Luenberger explains all required without the explicit use of duality; yet, he uses the dual spaces of various spaces for the solution. He is very much inclined towards using the separating hyperplanes for the solution. I was able to follow his reasoning and explanations mostly, but while reading the text, it seemed to me that he is inventing new methods as he goes through chapters.
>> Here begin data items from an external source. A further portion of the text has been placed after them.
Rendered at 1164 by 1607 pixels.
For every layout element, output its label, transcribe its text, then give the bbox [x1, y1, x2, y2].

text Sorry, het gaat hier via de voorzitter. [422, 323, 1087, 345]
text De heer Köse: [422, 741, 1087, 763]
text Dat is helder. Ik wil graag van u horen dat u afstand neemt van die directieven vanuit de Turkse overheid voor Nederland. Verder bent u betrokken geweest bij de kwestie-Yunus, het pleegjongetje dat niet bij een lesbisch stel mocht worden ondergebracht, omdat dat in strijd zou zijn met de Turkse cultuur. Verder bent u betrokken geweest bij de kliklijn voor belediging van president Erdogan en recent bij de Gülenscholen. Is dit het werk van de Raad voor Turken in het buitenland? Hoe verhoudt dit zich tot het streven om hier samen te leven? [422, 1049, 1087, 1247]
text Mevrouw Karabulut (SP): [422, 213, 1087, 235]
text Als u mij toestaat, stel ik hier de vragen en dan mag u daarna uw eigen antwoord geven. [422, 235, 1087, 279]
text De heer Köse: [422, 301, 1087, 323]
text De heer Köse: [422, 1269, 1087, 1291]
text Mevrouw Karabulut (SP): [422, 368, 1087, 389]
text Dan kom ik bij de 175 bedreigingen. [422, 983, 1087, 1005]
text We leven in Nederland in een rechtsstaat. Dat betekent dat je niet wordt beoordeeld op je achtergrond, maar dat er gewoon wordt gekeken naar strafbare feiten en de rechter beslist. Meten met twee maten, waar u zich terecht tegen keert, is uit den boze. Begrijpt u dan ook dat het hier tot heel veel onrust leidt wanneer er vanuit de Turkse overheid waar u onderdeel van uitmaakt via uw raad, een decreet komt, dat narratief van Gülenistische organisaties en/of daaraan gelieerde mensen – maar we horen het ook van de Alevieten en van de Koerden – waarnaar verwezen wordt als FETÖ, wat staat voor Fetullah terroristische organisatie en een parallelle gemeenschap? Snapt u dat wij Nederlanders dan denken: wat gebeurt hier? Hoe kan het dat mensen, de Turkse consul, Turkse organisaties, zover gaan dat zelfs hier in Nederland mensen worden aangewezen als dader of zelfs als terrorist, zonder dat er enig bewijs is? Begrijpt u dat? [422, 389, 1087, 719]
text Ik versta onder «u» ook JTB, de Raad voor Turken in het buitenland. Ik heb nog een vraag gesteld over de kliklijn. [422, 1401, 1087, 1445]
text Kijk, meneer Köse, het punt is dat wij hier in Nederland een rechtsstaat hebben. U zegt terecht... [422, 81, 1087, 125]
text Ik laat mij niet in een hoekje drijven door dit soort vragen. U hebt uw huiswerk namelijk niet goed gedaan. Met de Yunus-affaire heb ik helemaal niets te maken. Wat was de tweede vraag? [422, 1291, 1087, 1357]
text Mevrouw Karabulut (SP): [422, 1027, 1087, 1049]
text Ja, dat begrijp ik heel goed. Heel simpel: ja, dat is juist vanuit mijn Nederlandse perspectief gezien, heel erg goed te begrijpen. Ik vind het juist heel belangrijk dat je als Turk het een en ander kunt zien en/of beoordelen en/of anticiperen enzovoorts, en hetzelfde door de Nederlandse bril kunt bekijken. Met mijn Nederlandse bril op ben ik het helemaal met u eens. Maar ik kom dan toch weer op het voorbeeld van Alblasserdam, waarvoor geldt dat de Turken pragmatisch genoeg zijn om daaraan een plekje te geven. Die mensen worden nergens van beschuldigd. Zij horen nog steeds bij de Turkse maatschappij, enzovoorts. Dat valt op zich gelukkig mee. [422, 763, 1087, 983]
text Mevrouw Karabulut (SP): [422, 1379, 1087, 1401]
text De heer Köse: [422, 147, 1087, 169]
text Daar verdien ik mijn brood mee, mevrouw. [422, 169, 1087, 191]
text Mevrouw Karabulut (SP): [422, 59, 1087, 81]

Once I have realized that the techniques described in this book can be simply explained through the dual problem formulation in the context of this convex optimization course; I have reached somewhat more calm and clarity.
For example, the optimal control example in page 124, starting with "Example 2: Consider the problem of selecting the field current u(t) on [0,1] to derive a motor governed by d^2/dt^2 \theta(t) + d/dt \theta(t) = u(t) from the initial conditions \theta(0) = \dot{\theta}(0) = 0 to \theta(1) = 1, \dot{\theta}(1) = 0 in such a way to minimize max |u(t)| in 0<= t <=1" is an excellent example in my opinion to show the importance of constraints and how/why we need to interpolate them when the goal is to minimize the norm of an unknown function.
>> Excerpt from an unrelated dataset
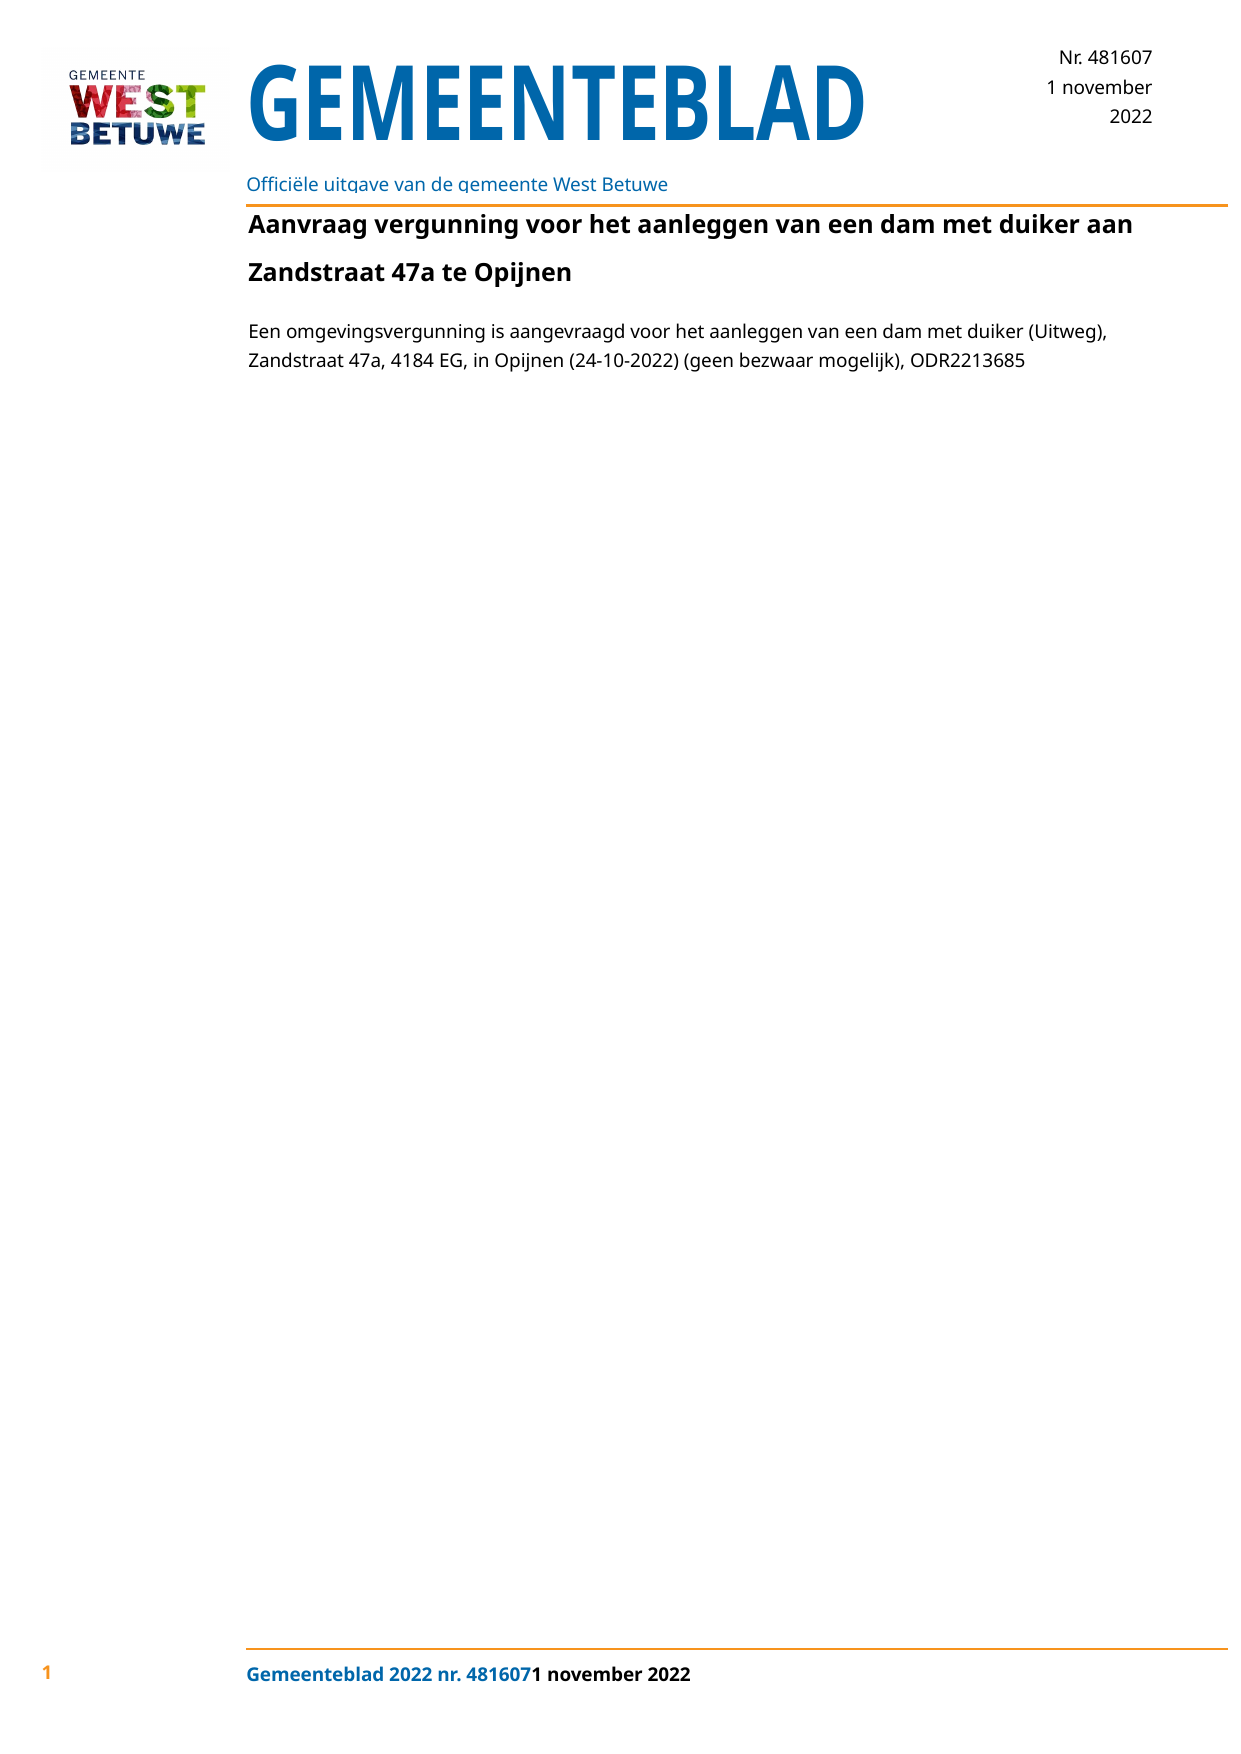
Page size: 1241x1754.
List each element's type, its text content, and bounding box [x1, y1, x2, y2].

text Een omgevingsvergunning is aangevraagd voor het aanleggen van een dam met duiker (Uitweg), Zandstraat 47a, 4184 EG, in Opijnen (24-10-2022) (geen bezwaar mogelijk), ODR2213685 [248, 318, 1152, 373]
picture [41, 47, 231, 172]
text Aanvraag vergunning voor het aanleggen van een dam met duiker aan Zandstraat 47a te Opijnen [248, 207, 1152, 288]

Also Luenberger solves the same problem to minimize energy of u(t) in [0,1] interval (page 66, Example 1) which is more standard; since it is the classical minimum norm solution of in L_2 space with a closed form solution. (Students with a good linear algebra background, the minimum norm solution of an under-determined linear equation system, should appreciate this more.)
"In machine learning, this weird dual fact was called the “Representer Theorem.” It’s why reproducing kernels are unavoidable in the theory of machine learning. It’s also why we used to spend so much time on the dual problem of support vector machines in machine learning classes."
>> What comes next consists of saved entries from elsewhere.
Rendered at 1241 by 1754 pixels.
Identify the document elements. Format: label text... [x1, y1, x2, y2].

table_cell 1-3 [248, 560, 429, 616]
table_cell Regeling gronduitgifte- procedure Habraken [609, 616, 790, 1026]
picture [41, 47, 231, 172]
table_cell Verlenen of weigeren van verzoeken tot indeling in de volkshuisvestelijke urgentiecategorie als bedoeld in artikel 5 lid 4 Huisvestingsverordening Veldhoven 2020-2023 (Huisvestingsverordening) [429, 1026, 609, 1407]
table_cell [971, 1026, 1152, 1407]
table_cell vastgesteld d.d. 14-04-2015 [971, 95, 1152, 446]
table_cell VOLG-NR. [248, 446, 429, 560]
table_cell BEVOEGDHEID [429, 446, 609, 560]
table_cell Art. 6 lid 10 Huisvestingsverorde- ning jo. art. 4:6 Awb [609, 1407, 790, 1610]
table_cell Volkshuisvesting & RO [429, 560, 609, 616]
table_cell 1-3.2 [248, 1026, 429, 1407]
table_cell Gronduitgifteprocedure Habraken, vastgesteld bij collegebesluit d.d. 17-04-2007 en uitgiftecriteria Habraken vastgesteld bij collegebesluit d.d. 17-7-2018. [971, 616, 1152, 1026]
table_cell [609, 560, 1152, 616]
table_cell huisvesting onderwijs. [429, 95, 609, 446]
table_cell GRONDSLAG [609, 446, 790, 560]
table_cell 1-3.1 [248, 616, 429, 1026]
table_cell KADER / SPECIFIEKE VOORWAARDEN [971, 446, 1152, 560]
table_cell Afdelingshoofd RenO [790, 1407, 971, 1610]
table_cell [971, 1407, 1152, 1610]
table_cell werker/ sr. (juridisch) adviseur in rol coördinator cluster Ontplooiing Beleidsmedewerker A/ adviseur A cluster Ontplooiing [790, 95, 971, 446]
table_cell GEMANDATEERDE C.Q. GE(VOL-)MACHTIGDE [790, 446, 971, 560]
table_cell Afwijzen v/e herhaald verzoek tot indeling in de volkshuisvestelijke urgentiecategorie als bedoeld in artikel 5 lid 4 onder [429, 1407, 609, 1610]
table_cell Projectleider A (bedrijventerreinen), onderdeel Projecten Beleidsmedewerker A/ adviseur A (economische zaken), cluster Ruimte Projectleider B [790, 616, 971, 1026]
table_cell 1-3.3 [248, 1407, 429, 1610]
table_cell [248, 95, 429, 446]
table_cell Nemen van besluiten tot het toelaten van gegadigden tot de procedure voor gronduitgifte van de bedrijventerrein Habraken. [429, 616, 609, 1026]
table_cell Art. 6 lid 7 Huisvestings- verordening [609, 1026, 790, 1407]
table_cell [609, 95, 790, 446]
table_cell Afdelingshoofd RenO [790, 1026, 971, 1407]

Hmmm, if I may permit myself to add some color, I'd take a slightly different perspective.
Looking back at my thesis (https://dspace.mit.edu/handle/1721.1/17549), it was easy enough to apply the Representer Theorem to the primal SVM problem (Eqs. 2.13-2.15 in my thesis). The reason to derive the dual (Eqs. 2.23-2.25) was that the constraint structure was simpler to work with in the dual --- in the primal you had an inequality constraint per data point, each of which involved *all* the c_i's, while in the dual you had a single equality constraint on the alpha_i's and simple interval inequalities on each alpha_i individually. This made it easy to write a custom solver which exploited the sparsity of the alphas (the c's are of course equally sparse, but we didn't see how to exploit this), allowing us to "train" SVMs in less time than it took to compute the entire kernel matrix. And *that's* why we used the dual for SVMs. Or at least why I did. At least if I postrationalize it. At the beginning, I used it because my predecessor Edgar Osuna had used it.